Only nine months ago, Zynga was worth $11.5 billion, pumping out new games every month at breakneck speed.
It seems so far away in time, given everything that's happened since.
Zynga's stock is stuck in the doldrums and it's shuttering 11 older games like PetVille and Indiana Jones Adventure World that failed to keep large audiences. It's just more bad news in a year full of bad news for Zynga.
2011 was a very good year. Zynga had just gone public. The paint had barely dried on its gleaming, brick-clad Dog House headquarters on the western edge of San Francisco's South of Market district—one of the hottest destinations for talent from within and without the video-game industry.
Since then, investors wiped $10 billion off Zynga's market cap. Executives and creative talent fled, as did players. New games were slow to come out. Acquisitions like OMGPOP soured. Zynga closed some of its offices and laid off employees. And Facebook and Zynga ripped up their special relationship, leaving Zynga as just one of many games makers on the social network's platform.
There were some bright spots.
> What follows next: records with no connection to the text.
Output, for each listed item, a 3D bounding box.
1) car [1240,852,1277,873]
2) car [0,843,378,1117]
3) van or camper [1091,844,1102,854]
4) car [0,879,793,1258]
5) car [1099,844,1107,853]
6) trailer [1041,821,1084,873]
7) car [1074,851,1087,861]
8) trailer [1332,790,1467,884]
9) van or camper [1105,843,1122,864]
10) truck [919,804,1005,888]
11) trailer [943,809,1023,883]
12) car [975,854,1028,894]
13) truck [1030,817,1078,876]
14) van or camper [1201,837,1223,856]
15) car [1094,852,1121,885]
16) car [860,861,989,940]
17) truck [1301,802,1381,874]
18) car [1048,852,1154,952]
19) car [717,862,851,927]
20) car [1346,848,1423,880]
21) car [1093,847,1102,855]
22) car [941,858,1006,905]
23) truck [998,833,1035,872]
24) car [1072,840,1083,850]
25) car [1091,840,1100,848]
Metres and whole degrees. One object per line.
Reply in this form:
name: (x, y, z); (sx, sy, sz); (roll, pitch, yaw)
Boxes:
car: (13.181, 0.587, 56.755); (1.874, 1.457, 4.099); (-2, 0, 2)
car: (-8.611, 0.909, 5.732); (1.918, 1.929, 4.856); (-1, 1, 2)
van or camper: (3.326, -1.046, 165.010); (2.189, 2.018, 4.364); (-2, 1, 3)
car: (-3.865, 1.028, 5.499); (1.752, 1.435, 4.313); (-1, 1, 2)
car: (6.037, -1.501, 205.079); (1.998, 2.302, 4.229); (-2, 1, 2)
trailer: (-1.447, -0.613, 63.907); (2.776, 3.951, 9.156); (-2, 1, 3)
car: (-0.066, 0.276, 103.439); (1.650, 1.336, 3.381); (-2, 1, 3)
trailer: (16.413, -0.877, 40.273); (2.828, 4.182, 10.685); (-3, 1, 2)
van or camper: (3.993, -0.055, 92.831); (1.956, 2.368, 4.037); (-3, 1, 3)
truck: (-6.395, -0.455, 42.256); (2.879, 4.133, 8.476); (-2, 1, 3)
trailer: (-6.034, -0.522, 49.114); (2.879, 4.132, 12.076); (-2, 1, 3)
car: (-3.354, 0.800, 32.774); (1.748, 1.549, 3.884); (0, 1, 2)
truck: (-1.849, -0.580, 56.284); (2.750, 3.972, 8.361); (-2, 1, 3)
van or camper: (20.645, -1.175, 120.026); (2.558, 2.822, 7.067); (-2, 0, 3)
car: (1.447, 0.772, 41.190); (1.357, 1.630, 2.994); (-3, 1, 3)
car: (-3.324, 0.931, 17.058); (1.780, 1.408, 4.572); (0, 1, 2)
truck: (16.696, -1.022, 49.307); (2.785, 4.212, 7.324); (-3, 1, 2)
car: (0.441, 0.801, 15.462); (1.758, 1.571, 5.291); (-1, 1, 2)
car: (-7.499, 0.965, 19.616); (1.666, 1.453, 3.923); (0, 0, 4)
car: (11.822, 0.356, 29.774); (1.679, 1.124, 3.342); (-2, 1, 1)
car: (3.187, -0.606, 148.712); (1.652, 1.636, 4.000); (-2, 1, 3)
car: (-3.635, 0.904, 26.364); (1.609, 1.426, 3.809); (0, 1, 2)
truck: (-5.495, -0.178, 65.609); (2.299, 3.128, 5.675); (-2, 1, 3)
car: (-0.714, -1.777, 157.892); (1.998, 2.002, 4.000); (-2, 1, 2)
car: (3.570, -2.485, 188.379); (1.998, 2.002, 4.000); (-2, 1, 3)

Zynga made progress on getting into real-money gaming—that is, gambling. It swiftly filled holes in its executive lineup with new leaders. It showed signs of a creative renaissance with new games. And it remains far and away the largest player in social games.
But it's left with a sense of wasted time and lost promise, with Wall Street setting a clock on CEO Mark Pincus's time at the top of the company.
January started off with a whiff of optimism about real-money gaming
Rumors spread that Zynga would get into online gambling, a billion-dollar revenue opportunity, though sources within the company batted those down.
It launched Hidden Chronicles, a new, more sophisticated social game, and Scramble With Friends
Hidden Chronicles ended up disappointing. It peaked at 33 million monthly active users and has since dropped to 5 million. Scramble With Friends, an extension of the Words With Friends franchise, has struggled, too, barely staying in the top 50 on Apple's ranking of mobile games.
And Zynga seemed to have the talent momentum, too
Zynga hired away Barry Cottle, a top online-games executive, from Electronic Arts. This hire stuck: After some shakeups, Cottle is now chief revenue officer.